5 chapitres Terminé Contenu pour adultes

⚠️ Warning Below This is the story of a little girl who learned to grow in the silence-like a wildflower blooming through cracks in concrete. She lived in a house of shadows, where the walls whispered violence, and silence became her shield. Her days were shaped by what was unspoken-by hands that harmed, by trust that fractured, by love that came laced with pain. But even in that stillness, something stirred. Instead of drowning in the quiet, she began to listen-to the words of others who had walked through similar storms. Their stories were not just stories. They were maps, mirrors, and lifelines. Through their truths, she began to uncover her own. Now, she turns inward and outward, breaking her own silence-not with a scream, but with a steady voice that has waited a lifetime to be heard. This book is not just about trauma. It is about the bones of a broken girl who built a life from what was left behind.
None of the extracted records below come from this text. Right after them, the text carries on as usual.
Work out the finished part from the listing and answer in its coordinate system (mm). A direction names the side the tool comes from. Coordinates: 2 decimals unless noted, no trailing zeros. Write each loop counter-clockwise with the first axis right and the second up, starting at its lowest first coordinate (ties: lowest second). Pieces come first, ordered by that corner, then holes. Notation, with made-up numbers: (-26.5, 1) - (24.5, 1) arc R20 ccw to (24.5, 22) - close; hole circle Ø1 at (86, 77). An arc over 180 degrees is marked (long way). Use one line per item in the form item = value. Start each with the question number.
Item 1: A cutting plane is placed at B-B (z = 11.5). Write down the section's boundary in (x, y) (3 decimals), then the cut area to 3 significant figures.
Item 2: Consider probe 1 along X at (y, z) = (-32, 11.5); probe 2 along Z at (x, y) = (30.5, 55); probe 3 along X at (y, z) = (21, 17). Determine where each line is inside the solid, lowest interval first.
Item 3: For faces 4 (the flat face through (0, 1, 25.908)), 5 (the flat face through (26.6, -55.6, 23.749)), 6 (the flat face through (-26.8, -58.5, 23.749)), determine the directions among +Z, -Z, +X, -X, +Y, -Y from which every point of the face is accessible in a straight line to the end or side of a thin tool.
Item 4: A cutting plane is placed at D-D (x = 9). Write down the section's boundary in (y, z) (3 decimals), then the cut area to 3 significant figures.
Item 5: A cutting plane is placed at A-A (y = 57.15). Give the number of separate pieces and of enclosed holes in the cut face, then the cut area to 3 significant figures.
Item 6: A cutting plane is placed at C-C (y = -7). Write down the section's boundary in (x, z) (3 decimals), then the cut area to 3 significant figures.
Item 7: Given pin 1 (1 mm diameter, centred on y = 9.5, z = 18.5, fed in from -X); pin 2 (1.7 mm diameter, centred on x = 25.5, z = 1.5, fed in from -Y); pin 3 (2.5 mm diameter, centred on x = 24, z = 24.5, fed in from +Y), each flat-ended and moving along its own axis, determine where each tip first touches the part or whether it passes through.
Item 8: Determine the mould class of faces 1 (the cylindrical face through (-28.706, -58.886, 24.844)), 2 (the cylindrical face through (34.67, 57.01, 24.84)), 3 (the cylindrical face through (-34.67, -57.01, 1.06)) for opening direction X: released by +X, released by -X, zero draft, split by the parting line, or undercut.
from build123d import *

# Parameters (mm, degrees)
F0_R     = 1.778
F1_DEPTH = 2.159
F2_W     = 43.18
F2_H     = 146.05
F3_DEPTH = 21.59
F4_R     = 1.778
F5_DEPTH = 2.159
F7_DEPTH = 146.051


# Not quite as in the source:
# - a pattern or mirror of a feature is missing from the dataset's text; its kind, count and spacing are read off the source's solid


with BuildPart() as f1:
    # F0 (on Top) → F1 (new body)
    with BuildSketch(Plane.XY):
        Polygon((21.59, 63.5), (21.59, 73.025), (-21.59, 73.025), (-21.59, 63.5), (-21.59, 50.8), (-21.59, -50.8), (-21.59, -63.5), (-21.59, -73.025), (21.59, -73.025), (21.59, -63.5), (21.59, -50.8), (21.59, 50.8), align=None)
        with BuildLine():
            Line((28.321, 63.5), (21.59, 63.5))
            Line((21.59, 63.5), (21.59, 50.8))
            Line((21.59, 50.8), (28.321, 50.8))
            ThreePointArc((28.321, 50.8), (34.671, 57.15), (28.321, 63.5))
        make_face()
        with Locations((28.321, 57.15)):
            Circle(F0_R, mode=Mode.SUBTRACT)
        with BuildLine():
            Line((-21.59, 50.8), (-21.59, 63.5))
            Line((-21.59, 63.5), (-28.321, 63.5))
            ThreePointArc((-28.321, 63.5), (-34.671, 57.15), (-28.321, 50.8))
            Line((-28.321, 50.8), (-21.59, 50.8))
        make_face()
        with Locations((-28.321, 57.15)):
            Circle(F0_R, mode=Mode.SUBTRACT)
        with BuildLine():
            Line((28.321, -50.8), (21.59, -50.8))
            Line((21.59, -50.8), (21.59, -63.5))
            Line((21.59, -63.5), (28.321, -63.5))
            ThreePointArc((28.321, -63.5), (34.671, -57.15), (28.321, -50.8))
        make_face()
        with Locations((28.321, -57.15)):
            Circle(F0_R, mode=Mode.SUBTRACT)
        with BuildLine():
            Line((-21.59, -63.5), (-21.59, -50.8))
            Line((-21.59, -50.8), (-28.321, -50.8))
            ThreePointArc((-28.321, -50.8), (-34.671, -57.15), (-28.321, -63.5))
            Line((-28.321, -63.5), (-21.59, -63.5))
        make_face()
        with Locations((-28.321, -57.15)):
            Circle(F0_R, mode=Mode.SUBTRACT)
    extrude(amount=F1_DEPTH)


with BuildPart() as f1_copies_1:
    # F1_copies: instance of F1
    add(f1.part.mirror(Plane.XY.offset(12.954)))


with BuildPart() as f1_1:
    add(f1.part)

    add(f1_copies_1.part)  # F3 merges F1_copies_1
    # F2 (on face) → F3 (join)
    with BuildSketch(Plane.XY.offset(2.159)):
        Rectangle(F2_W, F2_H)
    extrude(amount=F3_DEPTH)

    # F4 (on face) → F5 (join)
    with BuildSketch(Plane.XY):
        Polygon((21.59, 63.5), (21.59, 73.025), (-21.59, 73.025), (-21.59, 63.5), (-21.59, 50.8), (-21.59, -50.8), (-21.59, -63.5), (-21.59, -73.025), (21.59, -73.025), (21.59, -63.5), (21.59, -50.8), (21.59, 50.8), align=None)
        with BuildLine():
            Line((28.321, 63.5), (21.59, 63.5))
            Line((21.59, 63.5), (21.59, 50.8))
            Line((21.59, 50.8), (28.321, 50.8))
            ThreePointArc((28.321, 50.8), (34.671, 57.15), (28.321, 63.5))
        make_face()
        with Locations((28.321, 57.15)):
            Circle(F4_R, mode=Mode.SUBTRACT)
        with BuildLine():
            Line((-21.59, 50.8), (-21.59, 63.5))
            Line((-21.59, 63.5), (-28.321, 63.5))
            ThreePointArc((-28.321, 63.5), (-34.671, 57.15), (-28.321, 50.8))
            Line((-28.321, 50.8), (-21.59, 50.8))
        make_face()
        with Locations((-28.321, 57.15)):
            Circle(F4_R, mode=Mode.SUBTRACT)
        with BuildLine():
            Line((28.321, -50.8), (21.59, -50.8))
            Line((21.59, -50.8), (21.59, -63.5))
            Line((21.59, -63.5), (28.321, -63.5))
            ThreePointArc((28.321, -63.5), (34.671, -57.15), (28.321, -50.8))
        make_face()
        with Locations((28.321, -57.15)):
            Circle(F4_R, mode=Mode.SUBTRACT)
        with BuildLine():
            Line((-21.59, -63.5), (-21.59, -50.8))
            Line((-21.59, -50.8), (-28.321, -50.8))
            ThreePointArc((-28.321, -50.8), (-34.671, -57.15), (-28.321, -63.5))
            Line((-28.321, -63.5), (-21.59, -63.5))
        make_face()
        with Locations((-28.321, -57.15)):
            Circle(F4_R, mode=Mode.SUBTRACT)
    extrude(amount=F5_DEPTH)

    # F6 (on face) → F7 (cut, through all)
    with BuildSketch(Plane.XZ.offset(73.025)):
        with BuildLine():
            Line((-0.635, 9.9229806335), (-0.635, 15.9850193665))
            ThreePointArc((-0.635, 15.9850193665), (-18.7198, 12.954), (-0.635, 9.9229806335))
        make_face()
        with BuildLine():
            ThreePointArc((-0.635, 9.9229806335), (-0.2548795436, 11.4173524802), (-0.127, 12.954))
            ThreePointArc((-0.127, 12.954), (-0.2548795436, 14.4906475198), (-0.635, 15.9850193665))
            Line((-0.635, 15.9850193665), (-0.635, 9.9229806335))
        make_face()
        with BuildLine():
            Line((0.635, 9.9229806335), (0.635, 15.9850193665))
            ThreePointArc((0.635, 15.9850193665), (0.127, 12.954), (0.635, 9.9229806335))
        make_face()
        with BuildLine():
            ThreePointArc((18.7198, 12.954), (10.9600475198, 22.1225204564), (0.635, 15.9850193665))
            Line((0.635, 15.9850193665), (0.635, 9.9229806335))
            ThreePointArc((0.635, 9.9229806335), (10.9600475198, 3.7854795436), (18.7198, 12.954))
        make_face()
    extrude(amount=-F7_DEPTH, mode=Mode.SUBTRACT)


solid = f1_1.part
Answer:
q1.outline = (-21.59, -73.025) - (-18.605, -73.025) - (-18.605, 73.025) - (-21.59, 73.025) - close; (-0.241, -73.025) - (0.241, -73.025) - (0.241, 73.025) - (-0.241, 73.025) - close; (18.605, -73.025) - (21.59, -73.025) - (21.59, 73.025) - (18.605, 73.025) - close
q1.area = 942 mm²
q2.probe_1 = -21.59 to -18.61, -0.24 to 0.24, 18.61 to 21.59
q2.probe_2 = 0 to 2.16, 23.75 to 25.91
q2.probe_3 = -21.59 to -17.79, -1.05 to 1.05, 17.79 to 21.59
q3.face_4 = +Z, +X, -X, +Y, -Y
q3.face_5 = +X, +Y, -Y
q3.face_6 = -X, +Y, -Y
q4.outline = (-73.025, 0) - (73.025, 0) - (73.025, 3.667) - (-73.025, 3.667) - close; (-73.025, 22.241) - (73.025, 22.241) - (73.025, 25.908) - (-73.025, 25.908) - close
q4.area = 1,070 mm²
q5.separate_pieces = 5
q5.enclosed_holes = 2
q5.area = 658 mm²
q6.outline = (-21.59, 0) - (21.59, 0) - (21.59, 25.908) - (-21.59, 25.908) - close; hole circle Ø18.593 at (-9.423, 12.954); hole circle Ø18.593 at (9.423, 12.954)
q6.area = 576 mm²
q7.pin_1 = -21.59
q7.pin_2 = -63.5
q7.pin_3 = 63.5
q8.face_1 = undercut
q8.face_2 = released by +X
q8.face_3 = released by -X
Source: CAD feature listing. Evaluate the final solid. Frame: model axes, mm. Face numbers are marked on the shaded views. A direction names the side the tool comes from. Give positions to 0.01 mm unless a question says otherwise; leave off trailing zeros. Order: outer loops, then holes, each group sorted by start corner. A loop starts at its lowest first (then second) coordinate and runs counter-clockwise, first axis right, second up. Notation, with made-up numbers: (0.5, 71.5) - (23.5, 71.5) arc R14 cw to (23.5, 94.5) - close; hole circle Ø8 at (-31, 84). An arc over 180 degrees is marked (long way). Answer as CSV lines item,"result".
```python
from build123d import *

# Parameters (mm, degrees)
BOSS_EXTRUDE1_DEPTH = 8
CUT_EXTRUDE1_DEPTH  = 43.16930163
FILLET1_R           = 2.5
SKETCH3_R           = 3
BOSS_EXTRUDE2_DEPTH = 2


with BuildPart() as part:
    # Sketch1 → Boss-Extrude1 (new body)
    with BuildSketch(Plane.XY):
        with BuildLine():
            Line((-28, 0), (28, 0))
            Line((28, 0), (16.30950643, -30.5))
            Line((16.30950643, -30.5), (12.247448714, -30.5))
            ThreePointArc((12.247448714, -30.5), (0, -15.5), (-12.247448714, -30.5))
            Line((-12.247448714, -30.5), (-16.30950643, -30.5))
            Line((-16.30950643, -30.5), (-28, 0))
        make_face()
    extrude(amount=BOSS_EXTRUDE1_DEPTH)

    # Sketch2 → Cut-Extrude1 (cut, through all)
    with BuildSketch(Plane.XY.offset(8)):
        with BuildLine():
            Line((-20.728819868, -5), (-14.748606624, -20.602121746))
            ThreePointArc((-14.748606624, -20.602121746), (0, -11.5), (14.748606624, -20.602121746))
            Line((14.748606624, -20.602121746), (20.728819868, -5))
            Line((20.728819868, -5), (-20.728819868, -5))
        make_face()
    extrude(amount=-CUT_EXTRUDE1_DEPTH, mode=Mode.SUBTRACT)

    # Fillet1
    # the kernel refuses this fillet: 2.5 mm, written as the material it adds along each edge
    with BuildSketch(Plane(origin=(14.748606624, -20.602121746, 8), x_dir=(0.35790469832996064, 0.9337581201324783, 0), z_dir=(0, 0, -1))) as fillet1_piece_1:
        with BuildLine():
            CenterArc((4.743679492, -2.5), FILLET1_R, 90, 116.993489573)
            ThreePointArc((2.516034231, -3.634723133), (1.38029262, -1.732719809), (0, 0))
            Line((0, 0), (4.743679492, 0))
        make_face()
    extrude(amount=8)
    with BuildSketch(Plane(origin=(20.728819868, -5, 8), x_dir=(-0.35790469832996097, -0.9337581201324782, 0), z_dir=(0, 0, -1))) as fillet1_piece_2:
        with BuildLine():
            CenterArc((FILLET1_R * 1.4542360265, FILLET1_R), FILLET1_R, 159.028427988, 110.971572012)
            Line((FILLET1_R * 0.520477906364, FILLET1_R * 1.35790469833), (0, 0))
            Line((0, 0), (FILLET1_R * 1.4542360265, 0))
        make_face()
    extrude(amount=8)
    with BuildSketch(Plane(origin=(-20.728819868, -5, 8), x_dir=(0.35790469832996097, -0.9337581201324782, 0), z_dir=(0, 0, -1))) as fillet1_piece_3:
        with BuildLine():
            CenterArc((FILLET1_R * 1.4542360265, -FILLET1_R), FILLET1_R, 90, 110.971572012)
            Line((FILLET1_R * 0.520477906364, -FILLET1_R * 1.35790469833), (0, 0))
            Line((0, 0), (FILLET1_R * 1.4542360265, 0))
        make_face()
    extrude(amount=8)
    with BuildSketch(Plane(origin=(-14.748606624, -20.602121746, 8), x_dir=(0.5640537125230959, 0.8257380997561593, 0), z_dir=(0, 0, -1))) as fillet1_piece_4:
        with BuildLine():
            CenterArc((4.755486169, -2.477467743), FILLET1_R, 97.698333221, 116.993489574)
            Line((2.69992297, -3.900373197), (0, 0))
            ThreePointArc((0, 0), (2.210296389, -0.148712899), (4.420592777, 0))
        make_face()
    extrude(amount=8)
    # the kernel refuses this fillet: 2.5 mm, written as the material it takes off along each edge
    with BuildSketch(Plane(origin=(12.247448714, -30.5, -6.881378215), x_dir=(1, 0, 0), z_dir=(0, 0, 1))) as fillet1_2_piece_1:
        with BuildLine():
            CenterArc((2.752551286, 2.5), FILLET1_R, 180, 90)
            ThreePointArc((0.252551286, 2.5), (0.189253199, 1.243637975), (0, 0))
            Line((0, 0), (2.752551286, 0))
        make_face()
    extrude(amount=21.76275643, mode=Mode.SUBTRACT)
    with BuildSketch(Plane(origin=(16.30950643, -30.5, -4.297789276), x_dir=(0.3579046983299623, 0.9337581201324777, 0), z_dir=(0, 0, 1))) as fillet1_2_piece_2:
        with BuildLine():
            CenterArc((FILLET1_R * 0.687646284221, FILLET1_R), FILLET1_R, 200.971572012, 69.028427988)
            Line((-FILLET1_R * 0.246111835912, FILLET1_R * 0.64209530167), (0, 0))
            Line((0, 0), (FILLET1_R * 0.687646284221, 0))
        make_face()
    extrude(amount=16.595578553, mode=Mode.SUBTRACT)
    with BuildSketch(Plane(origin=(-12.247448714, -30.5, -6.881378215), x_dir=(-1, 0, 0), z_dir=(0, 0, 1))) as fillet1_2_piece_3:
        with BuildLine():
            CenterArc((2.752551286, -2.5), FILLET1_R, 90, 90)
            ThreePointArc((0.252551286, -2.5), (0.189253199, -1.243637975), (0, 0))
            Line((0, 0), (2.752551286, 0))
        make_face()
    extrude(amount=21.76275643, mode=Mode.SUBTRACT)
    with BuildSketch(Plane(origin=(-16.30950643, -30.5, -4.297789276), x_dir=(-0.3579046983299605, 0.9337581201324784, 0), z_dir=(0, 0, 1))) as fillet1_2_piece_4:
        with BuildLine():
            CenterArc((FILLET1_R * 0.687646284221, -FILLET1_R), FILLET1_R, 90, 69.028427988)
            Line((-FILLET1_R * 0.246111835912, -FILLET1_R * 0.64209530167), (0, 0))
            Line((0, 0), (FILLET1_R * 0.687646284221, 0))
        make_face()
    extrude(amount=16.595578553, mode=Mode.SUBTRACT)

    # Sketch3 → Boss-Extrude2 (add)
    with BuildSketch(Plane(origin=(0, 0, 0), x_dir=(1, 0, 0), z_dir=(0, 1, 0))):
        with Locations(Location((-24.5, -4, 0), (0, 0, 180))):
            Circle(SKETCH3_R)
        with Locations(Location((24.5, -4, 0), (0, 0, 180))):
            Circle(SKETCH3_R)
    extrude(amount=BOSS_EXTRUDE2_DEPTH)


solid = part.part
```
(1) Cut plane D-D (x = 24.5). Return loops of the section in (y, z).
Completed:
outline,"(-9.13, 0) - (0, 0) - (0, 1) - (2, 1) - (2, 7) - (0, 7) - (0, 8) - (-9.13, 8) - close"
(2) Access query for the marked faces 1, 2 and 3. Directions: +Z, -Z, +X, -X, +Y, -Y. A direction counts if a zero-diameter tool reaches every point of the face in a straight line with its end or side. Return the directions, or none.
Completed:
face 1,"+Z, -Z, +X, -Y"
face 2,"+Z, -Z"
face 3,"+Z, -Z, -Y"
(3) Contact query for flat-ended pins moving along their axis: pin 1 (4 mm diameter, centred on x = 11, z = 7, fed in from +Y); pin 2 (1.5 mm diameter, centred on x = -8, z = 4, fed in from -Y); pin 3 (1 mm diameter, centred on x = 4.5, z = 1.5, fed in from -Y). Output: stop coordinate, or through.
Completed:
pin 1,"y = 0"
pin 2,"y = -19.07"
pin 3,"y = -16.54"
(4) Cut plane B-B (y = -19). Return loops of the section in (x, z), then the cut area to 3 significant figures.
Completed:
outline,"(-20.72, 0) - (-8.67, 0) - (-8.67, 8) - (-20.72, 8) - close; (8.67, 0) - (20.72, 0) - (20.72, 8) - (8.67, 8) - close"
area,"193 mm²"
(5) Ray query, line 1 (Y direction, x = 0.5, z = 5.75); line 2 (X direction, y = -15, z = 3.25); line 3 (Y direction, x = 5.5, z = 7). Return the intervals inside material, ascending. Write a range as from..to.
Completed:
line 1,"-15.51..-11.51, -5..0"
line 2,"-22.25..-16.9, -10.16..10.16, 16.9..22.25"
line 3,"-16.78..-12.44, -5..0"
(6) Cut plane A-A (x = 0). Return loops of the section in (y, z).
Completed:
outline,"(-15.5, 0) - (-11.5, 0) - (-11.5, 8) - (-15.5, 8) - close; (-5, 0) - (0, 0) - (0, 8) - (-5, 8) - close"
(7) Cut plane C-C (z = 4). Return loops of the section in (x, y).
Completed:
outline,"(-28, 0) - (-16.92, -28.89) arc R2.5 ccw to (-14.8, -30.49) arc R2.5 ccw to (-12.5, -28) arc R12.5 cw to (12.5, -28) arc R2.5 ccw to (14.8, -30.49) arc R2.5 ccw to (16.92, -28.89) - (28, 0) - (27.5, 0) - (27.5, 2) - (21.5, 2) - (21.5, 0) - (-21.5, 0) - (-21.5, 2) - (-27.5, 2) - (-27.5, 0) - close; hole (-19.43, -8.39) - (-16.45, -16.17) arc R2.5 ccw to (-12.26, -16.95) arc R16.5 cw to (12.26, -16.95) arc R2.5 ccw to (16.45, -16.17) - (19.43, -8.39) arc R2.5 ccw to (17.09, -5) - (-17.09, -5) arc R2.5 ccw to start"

It's about grief, and the ghosts of family. About the way innocence can be stolen, yet spirit still survives. It's about the quiet power of letting go. But above all-it's about freedom. The kind you find not by fighting, but by finally releasing what was never yours to carry. And if even one soul finds a piece of themselves in these pages, then her voice, at last, has done what silence could not. ⚠️WARNING Author's Note & Content Warning: This is a deeply personal and emotional story that touches on domestic violence and childhood sexual abuse. While written to bring awareness, healing, and understanding, I recognise these topics may be distressing for some readers.